Europe needs to talk about reconstruction, while Japan must move on to
reorganization. The entire Japanese
people, thinking calmly from this perspective which is the result of Heaven's
rewards and punishments, should, in planning how the great Japanese empire
should be reorganized, petition for a manifestation of the Imperial prerogative
establishing “a national opinion in which no dissenting voice is heard, by the
organization of a great union of the Japanese people.” Thus, by homage to the Emperor, a basis for
national reorganization can be set up.
Truly,
our seven hundred million brothers in China and India have no path to
independence other than that offered by our guidance and protection. And for our Japan, whose population has
doubled within the past fifty years, great areas adequate to support a
population of at least two hundred and forty or fifty millions will be
absolutely necessary a hundred years from now... T]he noble Greece of Asian culture must complete her national
reorganization on the basis of her own national polity. At the same time, let her lift the virtuous
banner of an Asian league and take the leadership in a world federation which
must come. In so doing let her proclaim
to the world the Way of Heaven in which all are children of Buddha, and let her
set the example which the world must follow.
So the ideas of people like those who oppose arming the nation are after
all simply childish.
Section One:
The People's Emperor
Suspension of
the Constitution
In
order for the Emperor and the entire Japanese people to establish a secure base
for the national reorganization, the Emperor will, by a show of his Imperial
prerogative, suspend the Constitution for a period of three years, dissolve
both houses of the Diet, [1] and place the entire nation under martial law....
The True
Significance of the Emperor
The
fundamental doctrine of the Emperor as representative of the people and as
pillar of the nation must be made clear....
There
is no scientific basis whatever for the belief of the democracies that a state
which is governed by representatives voted in by the electorate is superior to
a state which has a system of government by a particular person. Every nation has its own national spirit and
history. It cannot be maintained, as
advocates of this theory would have it, that China during the first eight years
of [its] Republic [2] was more rational than Belgium, which retained rule by a
single person. [3] The
"democracy”of the Americans derives from the very unsophisticated theory
of the time which held that society came into being through a voluntary
contract based upon the free will of individuals; these people, emigrating from
each European country as individuals, established communities and built a
country. But their theory of the divine
right of voters is a half-witted philosophy which arose in opposition to the
theory of the divine right of kings at that time. Now Japan certainly was not founded in this way, and there has
never been a period in which Japan was dominated by a half-witted
philosophy. Suffice it to say that the
system whereby the head of state has to struggle for election by a long-winded
self-advertisement and by exposing himself to ridicule like a low-class actor
seems a very strange custom to the Japanese people, who have been brought up in
the belief that silence is golden and that modesty is a virtue....

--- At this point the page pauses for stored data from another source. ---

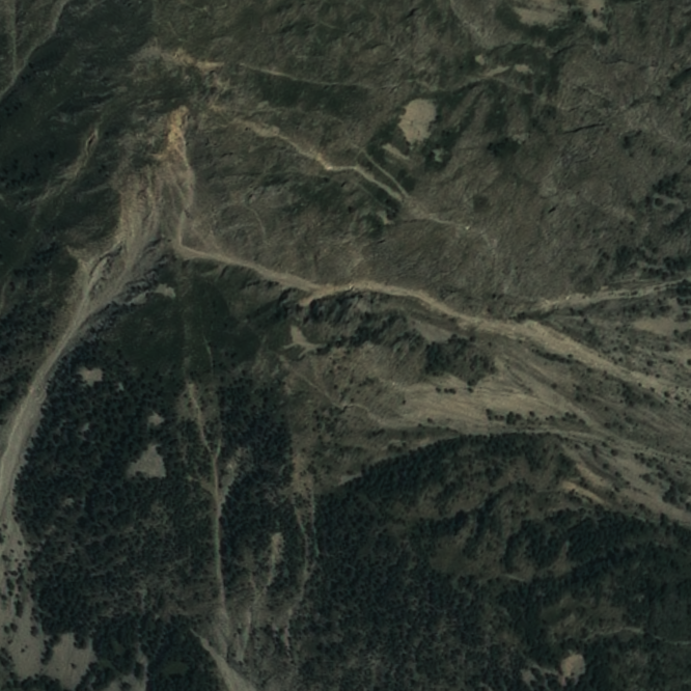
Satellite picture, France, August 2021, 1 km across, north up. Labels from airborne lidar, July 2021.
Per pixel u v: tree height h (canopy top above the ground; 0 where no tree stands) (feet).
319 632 67
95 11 0
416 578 35
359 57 0
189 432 24
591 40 0
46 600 55
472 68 0
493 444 34
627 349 21
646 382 0
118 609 31
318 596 26
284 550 23
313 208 0
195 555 48
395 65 0
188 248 0
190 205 0
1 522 0
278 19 0
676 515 0
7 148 0
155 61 0
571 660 0
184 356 0
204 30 0
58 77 0
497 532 39
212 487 0
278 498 24
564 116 0
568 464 32
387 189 0
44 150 0
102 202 0
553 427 0
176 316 0
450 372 0
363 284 0
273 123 0
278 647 22
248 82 0
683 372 0
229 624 0
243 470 37
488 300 0
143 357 0
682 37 0
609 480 0
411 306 0
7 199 0
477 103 0
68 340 0
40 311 25
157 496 39
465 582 70
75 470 26
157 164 0
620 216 0
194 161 0
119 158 0
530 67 0
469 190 0
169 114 0
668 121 0
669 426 0
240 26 0
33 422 0
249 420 59
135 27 0
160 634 57
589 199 0
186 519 35
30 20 0
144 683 0
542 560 41
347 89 0
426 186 0
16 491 24
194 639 58
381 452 0
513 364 0
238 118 0
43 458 58
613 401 0
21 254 0
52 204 0
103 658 83
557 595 40
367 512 30
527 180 0
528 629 50
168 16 0
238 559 48
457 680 37
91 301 0
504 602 49
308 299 0
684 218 28
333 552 62
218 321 0
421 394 0
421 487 32
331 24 0
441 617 30
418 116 0
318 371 0
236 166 0
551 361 24
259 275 0
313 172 0
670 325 0
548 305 0
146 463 0
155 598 36
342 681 49
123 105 0
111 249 0
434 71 0
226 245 0
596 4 0
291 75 0
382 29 0
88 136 0
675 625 29
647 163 0
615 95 0
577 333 0
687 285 19
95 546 57
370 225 0
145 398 41
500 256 0
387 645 40
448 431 29
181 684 120
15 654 0
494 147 37
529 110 0
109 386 38
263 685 30
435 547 26
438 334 0
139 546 41
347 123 0
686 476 0
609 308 0
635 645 46
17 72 0
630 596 64
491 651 33
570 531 37
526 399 0
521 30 0
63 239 0
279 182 0
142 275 0
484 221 0
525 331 0
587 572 44
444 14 0
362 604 64
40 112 0
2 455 0
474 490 31
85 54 0
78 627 44
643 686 28
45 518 71
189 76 0
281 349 0
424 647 43
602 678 58
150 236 0

1. The Japanese legislature.
2. The Chinese Republic was established when
the Qing dynasty was overthrown in 1911.
3. Belgium had a constitutional monarchy with
an elected legislature as the primary governing authority.
1. What religious language does Ikki use to
justify Japan's need for reorganization?
What nationalistic language does he use?
2. What does Ikki think of the dominant western
system of constitutional monarchy? Why
does he say both it and American-style democracy are unsuited for Japan?
3. Compare Ikki's goals for political reform to
the general drift of European politics in the interwar years. How might Ikki's ideas reinforce
authoritarianism?
4. What future role does Ikki envision Japan
playing in Asia? How does this compare
to similar rhetoric from western Europeans, particularly with regard to Africa?